Multifocal leiomyo-adenomatoid tumour of the uterus a distinct pathological entity.
- *Corresponding Author:
- Enaam Mohammed Junainah
Department of Pathology, Taif University
E-mail id: [email protected]
Accepted date: August 18, 2017
Citation: Junainah EM, Elrashidy A, Elnashar H, et al. Multifocal leiomyo-adenomatoid tumour of the uterus a distinct pathological entity. Allied J Clinicl Path. 2017;1(1):9-11.
Adenomatoid tumour is a benign mesothelial tumour, which arises from the lining of organs. This tumour generally presents in the both male and female genital tracts. In males the tumour is encountered in genital regions such as the testis and epididymis. It is the second most common extratesticular scrotal mass, following lipoma and accounts for 30% of these masses. Also it has been seen in the pancreas. However, in females it has been found incidentally in the uterine body and the fallopian tubes. Leiomyo-adenomatoid tumour (LMAT) is a variant of adenomatoid tumour, in which predominantly composed of smooth muscle. However, only ten cases of LMAT were reported in the literature review. In addition we report a case and review the other ten cases.
Adenomatoid tumour, Uterus
Adenomatoid is uncommon benign tumour most frequently seen in the genital tract of both sexes [1-6]. In the female genital tract: uterus fallopian tubes, ovaries broad ligament. In the male genital tract: epididymis, tunica albuginea, spermatic cord, tunica vaginalis, testis and prostate. In the uterus these tumours are commonly asymptomatic and typically present as subserosal or intramural small and solitary nodule [4,5].
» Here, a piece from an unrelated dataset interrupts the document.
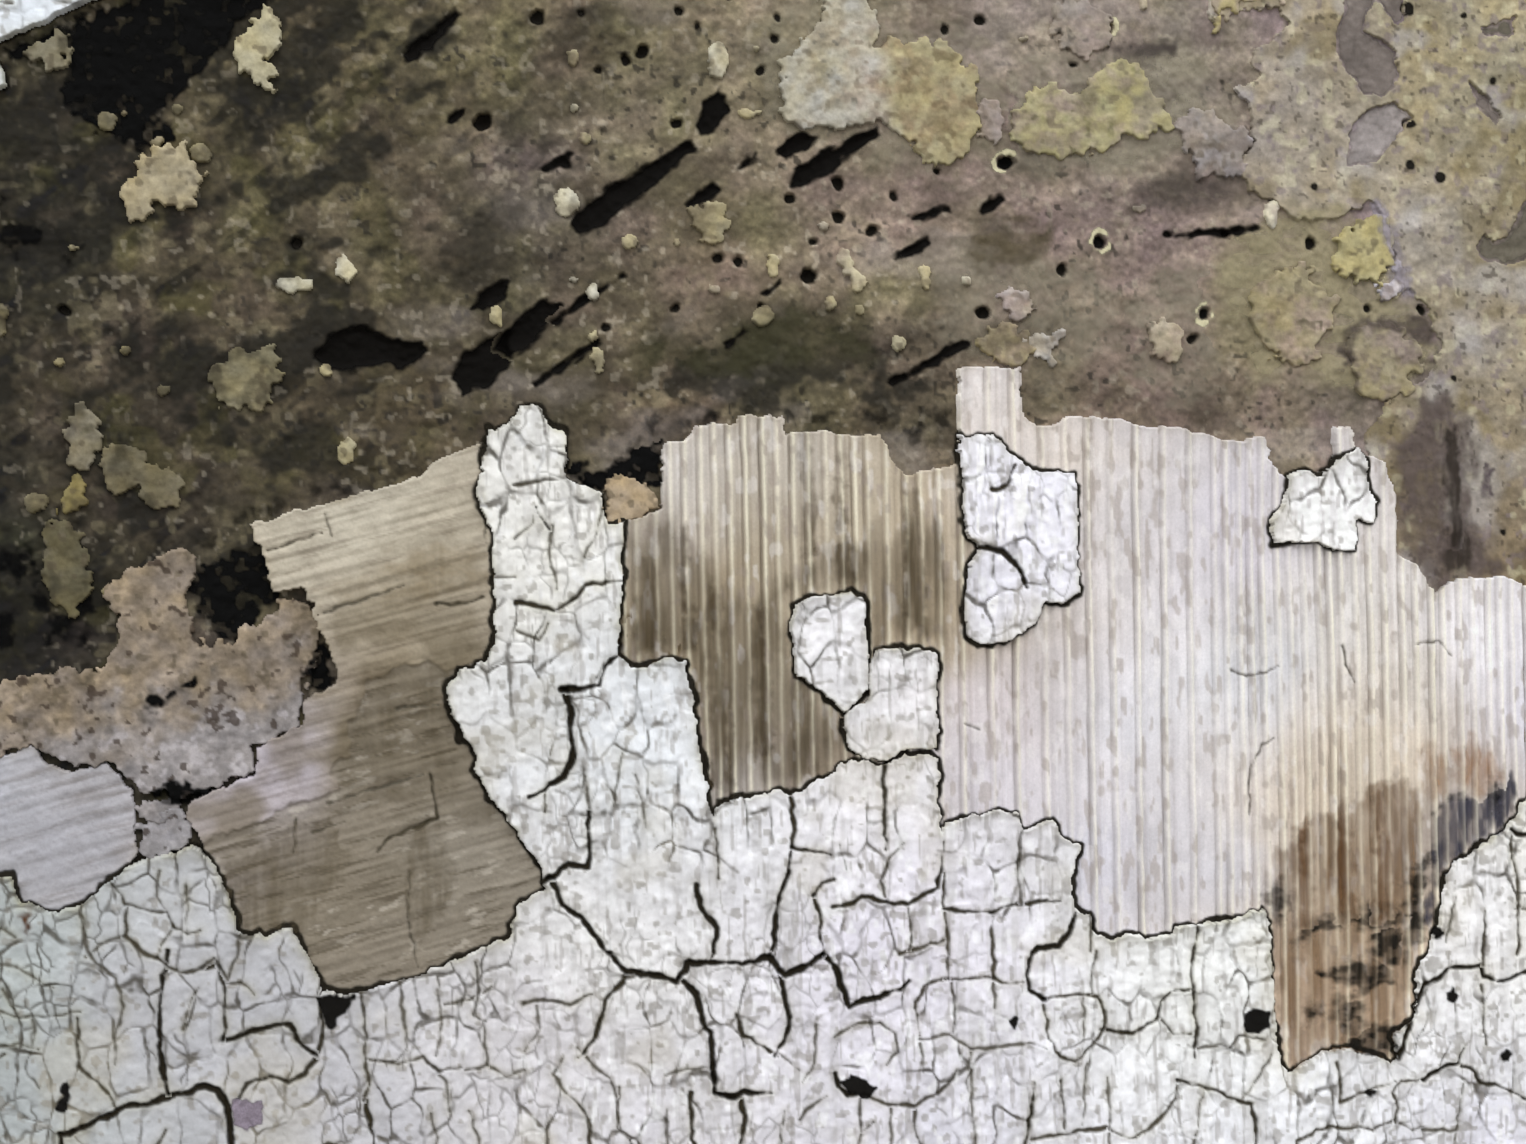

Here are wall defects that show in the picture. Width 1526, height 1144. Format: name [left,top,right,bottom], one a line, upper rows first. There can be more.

We report a case of 45 years old multiparous female presented to a private hospital in Jeddah with history of dyspareunia and menorrhagia. Pelvic examination was normal and except for a slightly enlarged uterus. Pelvic ultrasound showed a right unilocular cystic adnexal mass diagnosed as dermoid cyst with partial echogenic posterior sound attenuation owing to presence of sebaceous material and hair within the cyst cavity together with identification of shadows of calcific and dental components. The uterus revealed multiple nodules consistent with leiomyoma. Therefore, abdominal myomectomy and right salpengo-oophorectomy were done. On gross examination, a multiple variable sized fibroids were detected, the largest piece, measuring 2.0 × 1.0 × 0.5 cm while the smallest measured 1.0 × 0.5 cm. On sectioning, the cut surface of these masses showed a worlly appearance is the right ovary measured 3 × 2 cm and fallopian tube measured 4 × 1.5 cm. Also an ovarian cystic mass was seen measured 8.8 × 6.0 × 6.0 cm, its outer surface was glistening, on cutting show smooth lumen filled with dark brown chocolate coloured content as well as fatty and hairy areas. Microscopically, the uterine mass showed hypertrophied smooth muscle bundles intersecting each other with blunted end nuclei (Figures 1A and 1B). Organized multifocal vascular and gland like areas arranged in slit-like cystic, and tubular spaces containing basophilic secretions ,these spaces are lined by cuboidal epithelioid cells with scanty, pale, eosinophilic vacuolated cytoplasm together with occasional signet ring-like cells. No abnormal mitotic activity or cytological atypia were seen. Immunohistochemical stain showed expression of calretinin and pan cytokeratin’s in the tumours cells supported the mesothelial nature of the lining epithelial cells. The smooth muscle actin (SMA; Figures 2A and 2B) showed a strong immunopositivity in smooth muscle component ,while negative in the adenomatoid component of the tumour mass, therefore it was reported as Leiomyoadenomatoid tumour (Figures 3A and 3B).
The mesothelial origin of adenomatoid tumours is currently accepted based on ultrastructural and immunohistochemical analyses [6-10]. It was first described by Evans , then reviewed by Golden and Ash , who proposed the term "adenomatoid tumour" that is now accepted and in widespread use. They are commonly located in the male genital tract, in the epididymis, followed by the tunica vaginalis and spermatic cord. Extra genital tumours have also been described in places , such as the adrenal gland, lymph node, mediastinum, heart, pancreas [11-14] and pleura. The involvement of the mesocolon and omentum has also been reported. In women they are mostly incidental findings in hysterectomy specimens.Adenomatoid tumour usually is a typical subserosal but can be intramural .It is usually solitary mass [10,11], but some time multifocal masses are seen like in our case .It is usually located in the posterior wall near the uterine horn. These tumours usually present clinically as a solid, hyperechoic, well-circumscribed mass, between 1 and 5 cm, although a 6 cm adenomatoid tumour has been reported, these lesions can cause pain and demonstrate a palpable mass. In 1992, Epstein  described a variant of adenomatoid tumour with prominent smooth muscle component and the term leiomyo adenomatoid tumour LMAT was introduced. Due to the prominent smooth muscle component these tumours may be misdiagnosed as leiomyoma with malignant tumour infiltrates. Various authors believe that these smooth muscle bundles either represent entrapped.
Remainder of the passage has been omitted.